*Goal of the exercise*.
Your task is to restate every entry below word for word and omit the images.

*Data*.
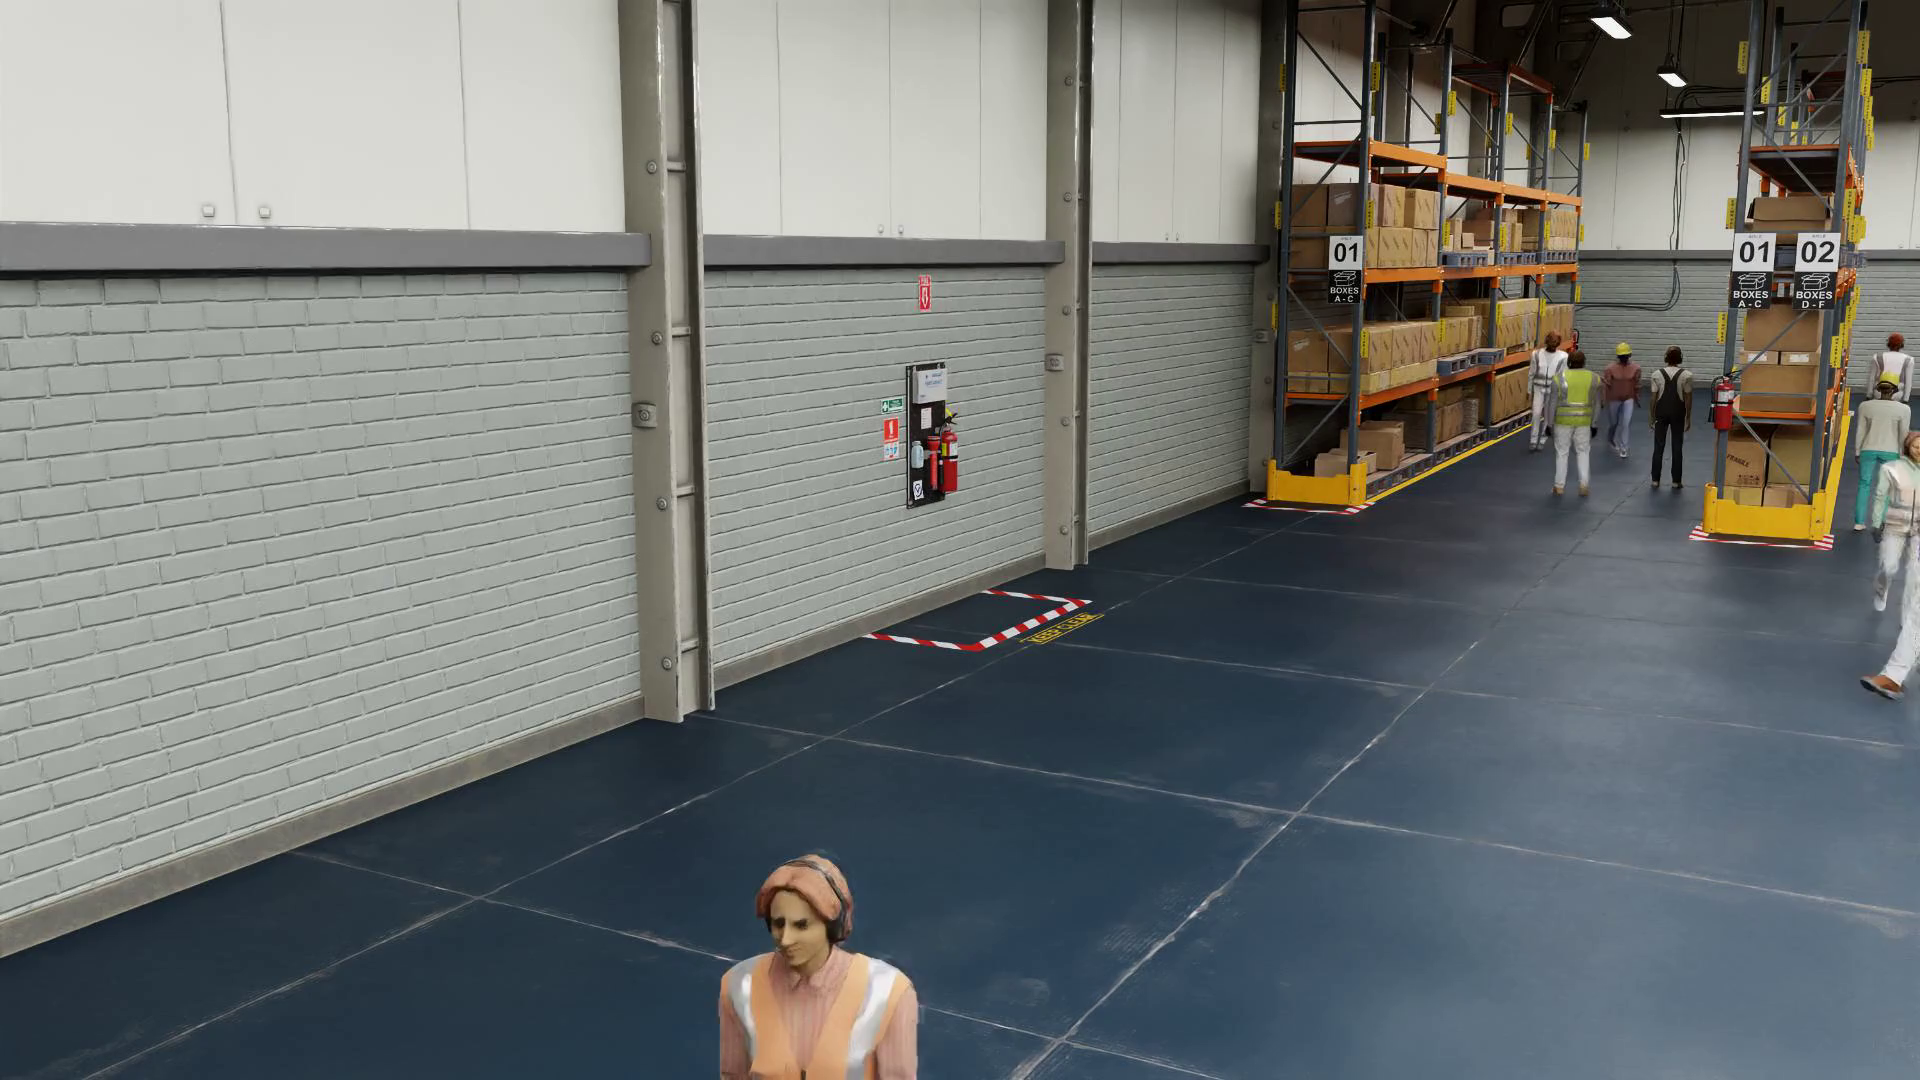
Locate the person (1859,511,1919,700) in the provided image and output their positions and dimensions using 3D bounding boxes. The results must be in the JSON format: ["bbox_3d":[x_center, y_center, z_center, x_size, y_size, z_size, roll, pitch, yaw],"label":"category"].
[{"bbox_3d":[6.513,0.169,11.056,0.957,1.896,0.656,-4,10,-20],"label":"person"}]

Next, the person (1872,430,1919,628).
[{"bbox_3d":[7.662,-0.098,13.455,0.522,1.618,0.610,4,10,22],"label":"person"}]

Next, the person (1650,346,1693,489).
[{"bbox_3d":[9.164,-1.580,21.464,0.508,1.846,0.345,5,11,27],"label":"person"}]

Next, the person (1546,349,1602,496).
[{"bbox_3d":[7.677,-1.471,20.837,0.635,1.842,0.429,1,10,5],"label":"person"}]

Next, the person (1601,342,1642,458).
[{"bbox_3d":[9.927,-2.122,24.983,0.568,1.726,0.744,3,10,16],"label":"person"}]

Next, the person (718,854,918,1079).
[{"bbox_3d":[-0.314,1.511,4.031,0.515,1.617,0.705,2,10,11],"label":"person"}]

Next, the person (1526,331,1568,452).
[{"bbox_3d":[8.939,-2.243,25.347,0.603,1.839,0.943,4,10,22],"label":"person"}]

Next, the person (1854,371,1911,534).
[{"bbox_3d":[9.991,-0.951,18.042,0.517,1.757,0.335,8,12,37],"label":"person"}]

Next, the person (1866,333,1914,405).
[{"bbox_3d":[13.906,-2.172,24.885,0.575,1.863,0.864,4,10,22],"label":"person"}]
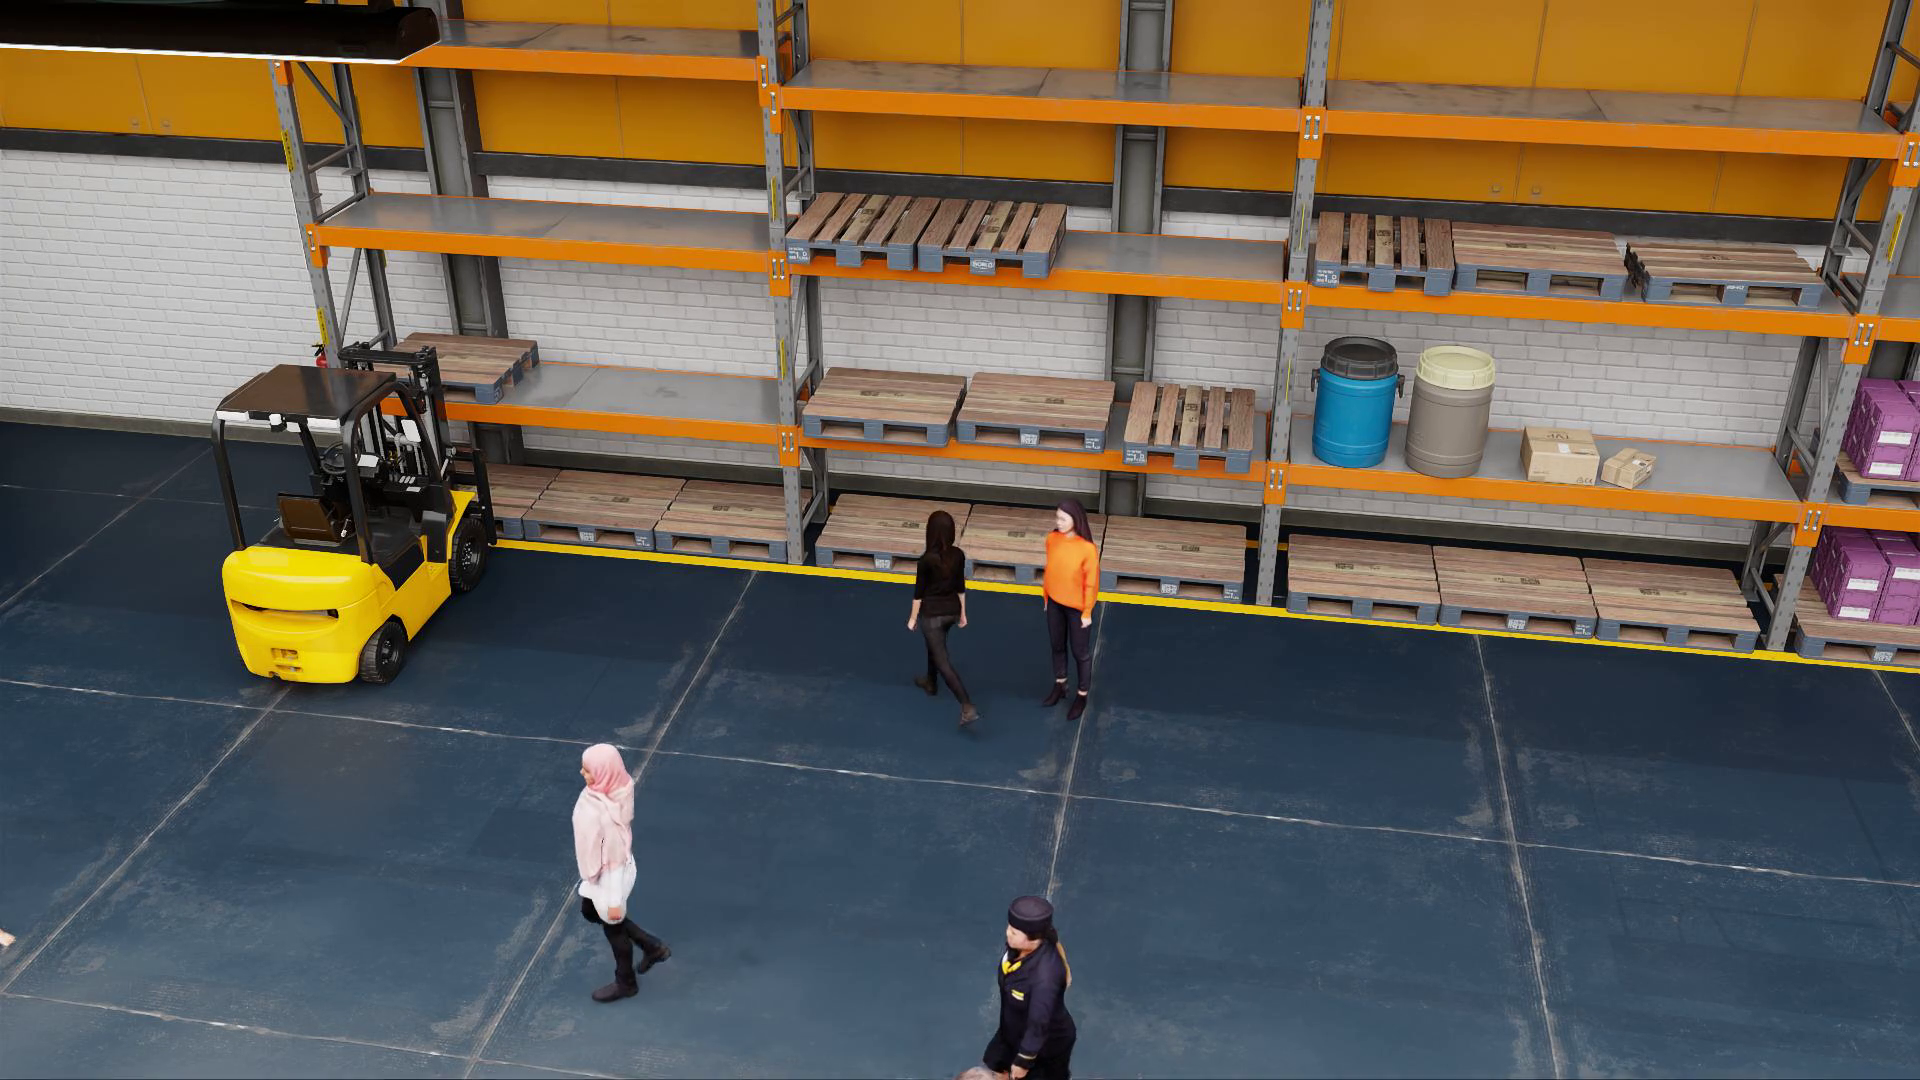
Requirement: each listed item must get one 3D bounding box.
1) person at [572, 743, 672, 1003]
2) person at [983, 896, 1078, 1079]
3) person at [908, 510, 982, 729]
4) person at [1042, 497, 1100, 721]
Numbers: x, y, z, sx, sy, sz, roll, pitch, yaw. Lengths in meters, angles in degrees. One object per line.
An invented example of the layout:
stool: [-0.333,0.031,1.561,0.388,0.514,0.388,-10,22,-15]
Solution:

*Exercise output*.
Locate the person (1859,511,1919,700) in the provided image and output their positions and dimensions using 3D bounding boxes. The results must be in the JSON format: ["bbox_3d":[x_center, y_center, z_center, x_size, y_size, z_size, roll, pitch, yaw],"label":"category"].
[{"bbox_3d":[6.513,0.169,11.056,0.957,1.896,0.656,-4,10,-20],"label":"person"}]

Next, the person (1872,430,1919,628).
[{"bbox_3d":[7.662,-0.098,13.455,0.522,1.618,0.610,4,10,22],"label":"person"}]

Next, the person (1650,346,1693,489).
[{"bbox_3d":[9.164,-1.580,21.464,0.508,1.846,0.345,5,11,27],"label":"person"}]

Next, the person (1546,349,1602,496).
[{"bbox_3d":[7.677,-1.471,20.837,0.635,1.842,0.429,1,10,5],"label":"person"}]

Next, the person (1601,342,1642,458).
[{"bbox_3d":[9.927,-2.122,24.983,0.568,1.726,0.744,3,10,16],"label":"person"}]

Next, the person (718,854,918,1079).
[{"bbox_3d":[-0.314,1.511,4.031,0.515,1.617,0.705,2,10,11],"label":"person"}]

Next, the person (1526,331,1568,452).
[{"bbox_3d":[8.939,-2.243,25.347,0.603,1.839,0.943,4,10,22],"label":"person"}]

Next, the person (1854,371,1911,534).
[{"bbox_3d":[9.991,-0.951,18.042,0.517,1.757,0.335,8,12,37],"label":"person"}]

Next, the person (1866,333,1914,405).
[{"bbox_3d":[13.906,-2.172,24.885,0.575,1.863,0.864,4,10,22],"label":"person"}]
Requirement: each listed item must get one 3D bounding box.
1) person at [572, 743, 672, 1003]
2) person at [983, 896, 1078, 1079]
3) person at [908, 510, 982, 729]
4) person at [1042, 497, 1100, 721]
Numbers: x, y, z, sx, sy, sz, roll, pitch, yaw. Lengths in meters, angles in degrees. One object per line.
An invented example of the layout:
stool: [-0.333,0.031,1.561,0.388,0.514,0.388,-10,22,-15]
Solution:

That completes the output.